Supervisor of Buildings and Grounds Bob Coleman had some ideas on how to best use the budget surplus, including a continuation of LED lighting in the elementary school. The fixtures are $61 each and, according to Colemen, with an improved efficiency, they would pay for themselves in about three years. The total cost would be $11,038.95.
Management of Information Systems Director Justin Merwin proposed a new set of 80 chromebooks for the second grade classrooms. He said teachers are required to use them for Reflex Math, STAR Reading, Lexia and other programs.

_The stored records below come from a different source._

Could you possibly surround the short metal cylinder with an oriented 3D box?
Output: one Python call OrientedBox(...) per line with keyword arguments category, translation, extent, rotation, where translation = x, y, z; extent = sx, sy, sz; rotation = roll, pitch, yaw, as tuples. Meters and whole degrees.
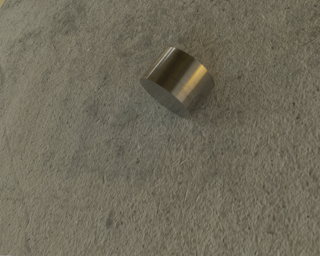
OrientedBox(category="short metal cylinder", translation=(0.022, -0.056, 0.392), extent=(0.080, 0.080, 0.050), rotation=(31, 79, 38))
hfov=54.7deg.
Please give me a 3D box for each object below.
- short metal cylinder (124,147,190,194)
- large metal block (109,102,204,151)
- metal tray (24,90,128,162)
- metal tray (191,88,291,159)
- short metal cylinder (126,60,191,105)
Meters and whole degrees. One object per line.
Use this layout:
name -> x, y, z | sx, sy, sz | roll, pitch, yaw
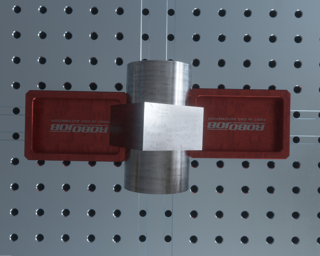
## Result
short metal cylinder -> -0.004, 0.049, 0.385 | 0.081, 0.080, 0.050 | 2, 90, 0
large metal block -> -0.006, -0.001, 0.371 | 0.081, 0.080, 0.050 | 2, 90, -34
metal tray -> -0.107, -0.003, 0.409 | 0.131, 0.030, 0.089 | 1, 90, 0
metal tray -> 0.102, -0.005, 0.411 | 0.131, 0.030, 0.089 | 1, 90, 0
short metal cylinder -> -0.001, -0.051, 0.385 | 0.081, 0.080, 0.050 | 1, 90, 0
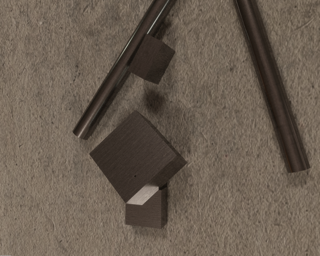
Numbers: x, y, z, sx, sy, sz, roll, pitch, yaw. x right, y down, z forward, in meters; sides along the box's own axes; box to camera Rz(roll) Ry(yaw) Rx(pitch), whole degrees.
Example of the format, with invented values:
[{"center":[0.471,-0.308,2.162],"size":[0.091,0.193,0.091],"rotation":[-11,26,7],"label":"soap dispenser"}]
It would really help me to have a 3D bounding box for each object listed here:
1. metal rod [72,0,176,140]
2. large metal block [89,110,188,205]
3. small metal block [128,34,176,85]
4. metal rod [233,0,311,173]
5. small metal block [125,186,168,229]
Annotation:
[{"center":[-0.032,-0.111,0.419],"size":[0.025,0.025,0.299],"rotation":[37,102,16],"label":"metal rod"},{"center":[-0.026,0.038,0.389],"size":[0.080,0.050,0.080],"rotation":[-44,65,3],"label":"large metal block"},{"center":[-0.009,-0.087,0.398],"size":[0.025,0.050,0.050],"rotation":[31,100,17],"label":"small metal block"},{"center":[0.118,-0.095,0.367],"size":[0.025,0.025,0.298],"rotation":[-18,84,19],"label":"metal rod"},{"center":[-0.018,0.104,0.414],"size":[0.050,0.025,0.050],"rotation":[1,90,19],"label":"small metal block"}]
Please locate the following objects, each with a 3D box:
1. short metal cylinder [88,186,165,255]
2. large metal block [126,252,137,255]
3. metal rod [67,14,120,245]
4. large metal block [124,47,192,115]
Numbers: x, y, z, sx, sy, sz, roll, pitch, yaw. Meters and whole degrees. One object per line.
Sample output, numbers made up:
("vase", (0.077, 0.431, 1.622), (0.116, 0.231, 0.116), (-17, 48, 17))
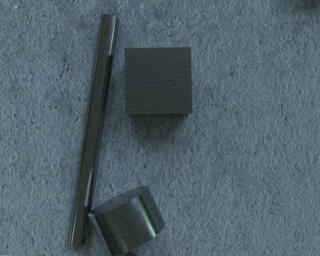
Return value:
("short metal cylinder", (-0.041, 0.112, 0.382), (0.080, 0.080, 0.050), (-24, 90, 0))
("large metal block", (-0.031, 0.223, 0.397), (0.080, 0.050, 0.080), (35, 90, 0))
("metal rod", (-0.087, 0.002, 0.409), (0.025, 0.025, 0.298), (8, 90, 0))
("large metal block", (-0.002, -0.057, 0.397), (0.081, 0.050, 0.080), (-1, 90, 0))
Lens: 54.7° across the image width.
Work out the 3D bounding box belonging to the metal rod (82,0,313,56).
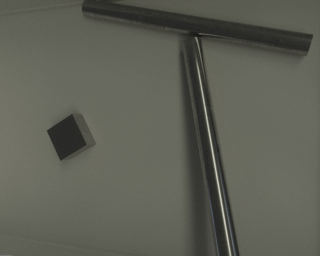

The proposal started a discussion between board members Molly Greenawalt, Ray Theiss and David Schirmer regarding the best type of devices as well as the possibility of moving to a one-to-one technology model in the district where students are assigned a device that stays with them as they move through the district. The board settled on the idea of gathering more information about what the teachers need in terms of technology and going from there.
“We’re not saying no,” school board president Jamie Mahle concluded. “We just have more work to do.”
Towards the end of the meeting, board members Brian Hartle and Ray Theiss were acknowledged for their service to the district as they both ended a four-year term. Both members were a part of the implementation of the popular Pre-K program as well as the school security agreement with the Clarion County Sheriff’s Department.
“You guys are going to be greatly missed,” Mahle said. “But we know you still have kids here and you’re part of the family here.”
“It’s been a learning experience these past four years,” Hartle noted. “I am going to miss it a little bit. But there’s still going to be great people coming on and great people on here.”